An American man charged with plotting the attacks on Mumbai was a double agent for both the United States and al-Qaeda terror group Lashkar e Taiba, Indian officials have claimed.
David Headley, a Pakistan-born American national arrested in Chicago in October, is alleged to have carried out reconnaissance missions in the run-up to the Mumbai attacks, in which 166 people were killed.
He is also believed to have been present in the terrorists' "control room" in Pakistan where their handlers directed the killing spree over an open telephone line.
According to Indian officials, Headley travelled to India again in March this year, with the knowledge of American agencies who did not inform their Indian counterparts. During the trip, Headley is alleged to have collected intelligence for future terrorist attacks on civilian and military targets, including India's National Defence College.

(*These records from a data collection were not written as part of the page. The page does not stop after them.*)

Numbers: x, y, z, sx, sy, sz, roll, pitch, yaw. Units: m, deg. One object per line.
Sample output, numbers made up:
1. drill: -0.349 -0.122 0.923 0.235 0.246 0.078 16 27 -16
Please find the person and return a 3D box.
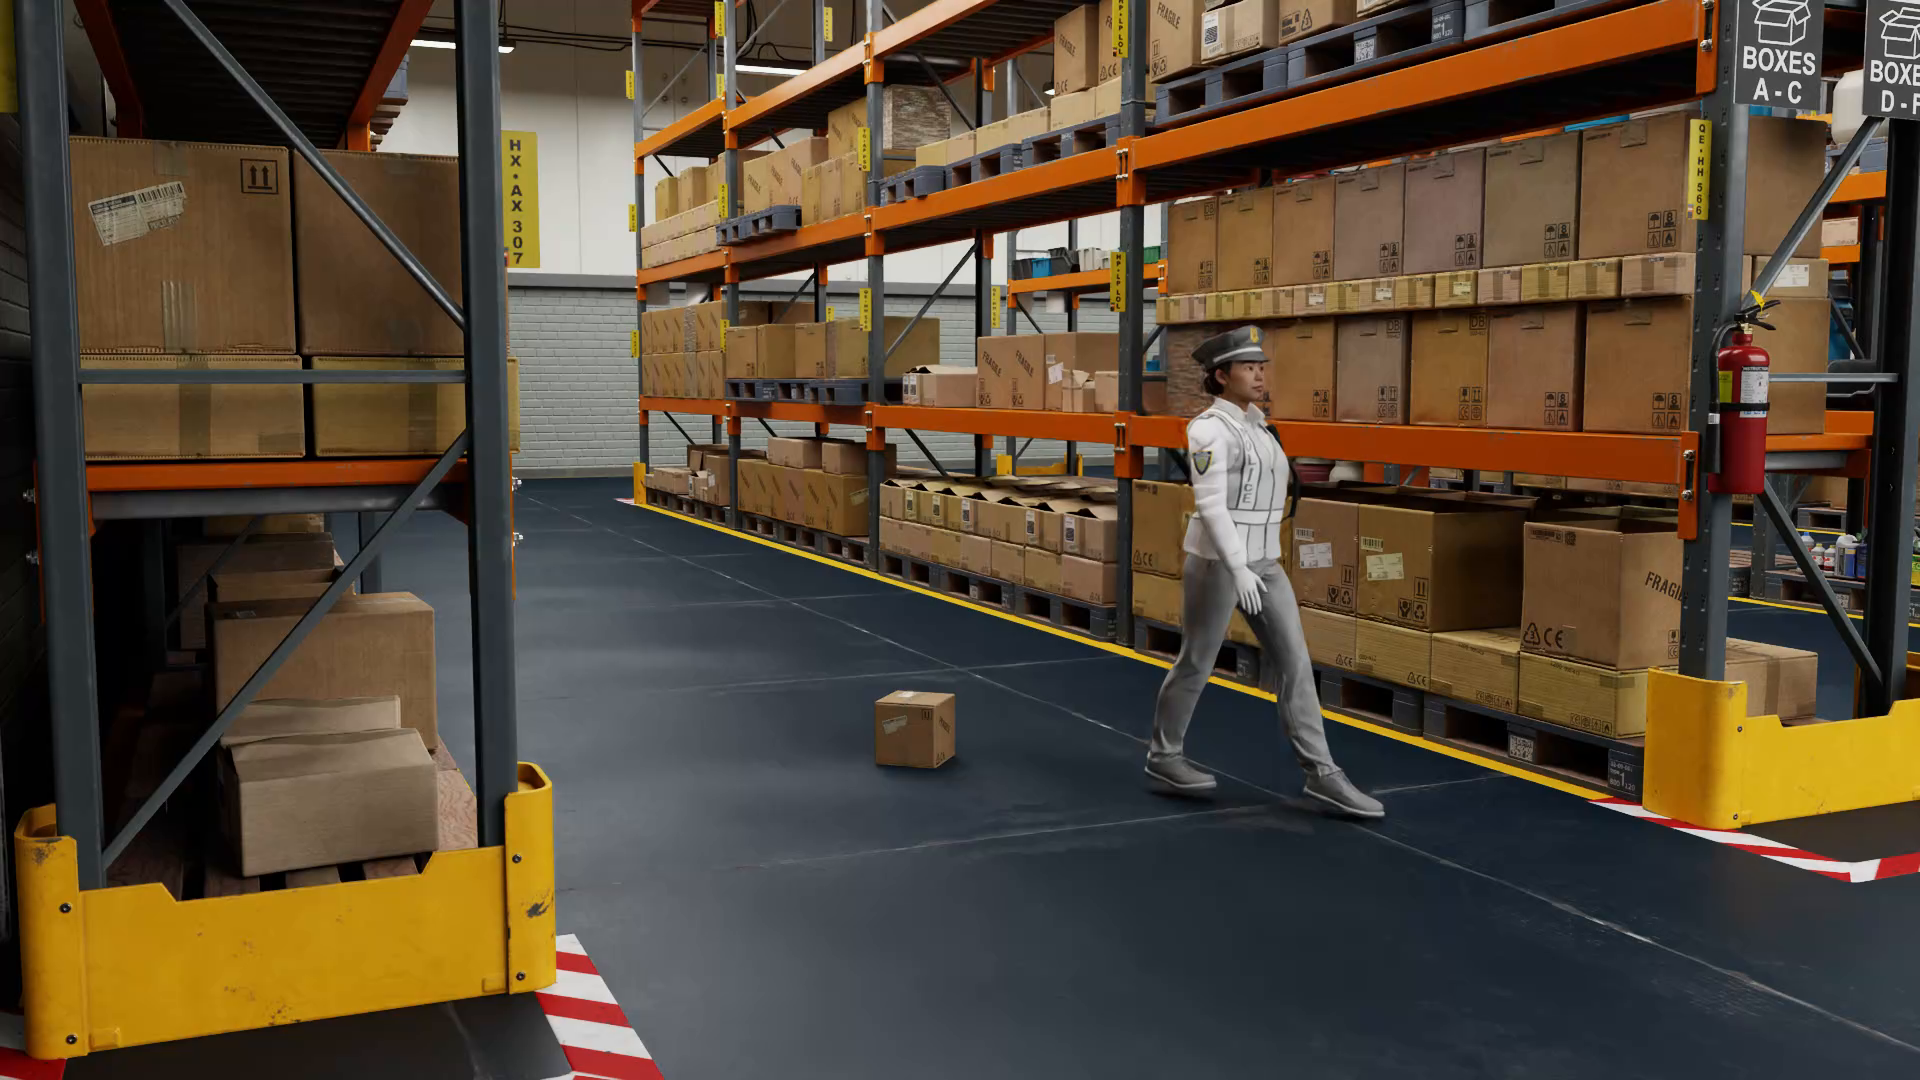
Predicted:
1. person: 1.020 0.094 5.751 0.877 1.667 0.533 5 7 43

Indian officials are desperate to question Headley but have been frustrated by American refusals to grant them access. A team of Indian investigators travelled to Washington shortly after Headley was arrested in October but soon returned after their American counterparts told them they would not be able to meet him.

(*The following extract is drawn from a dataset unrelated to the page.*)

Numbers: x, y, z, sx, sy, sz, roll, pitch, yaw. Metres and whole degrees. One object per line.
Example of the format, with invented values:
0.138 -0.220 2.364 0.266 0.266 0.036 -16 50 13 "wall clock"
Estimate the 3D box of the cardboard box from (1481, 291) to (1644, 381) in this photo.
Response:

They want to question him about the Mumbai attacks involved Pakistan's ISI intelligence agency in any way and the role of Indian extremists in providing logistical support.
American officials say that under US law they cannot force any person in their custody to give evidence to foreign agencies. But Indian intelligence officers have questioned why Washington is not doing more to help their own inquiry and suggested Headley's connections with American intelligence agencies is behind the reluctance.
Headley, who was born Daood Syed Gilani and schooled in Pakistan before moving to Philadelphia with his American mother in 1977, was convicted of smuggling heroin into the United States in 1998. He served only 15 months in jail after agreeing to become an informant for the Drugs Enforcement Administration (DEA). He changed his name to David Headley in 2006.
According to Indian officials he continued to serve as a DEA informant until shortly before his arrest in October. Indian intelligence sources believe Headley may have been recruited to work for the CIA which, along with the FBI, shared intelligence with the DEA and other government agencies after the creation of the National Counter-Terrorism Centre in 2004.
B. Raman, a former senior official in India's intelligence agency, said: "He was working for Lashkar e Taiba, taking photographs and video recordings of the [Mumbai] hotels and harbour. And he was an agent for the DEA on drugs, so in that sense he was a double agent.
"Indian officials are very keen to question him about his network, but we can't because we might find out about any connections with the CIA or ISI. They don't want that to happen. The Americans say 'you ask us what you want us to find out and we'll share the information'," he added.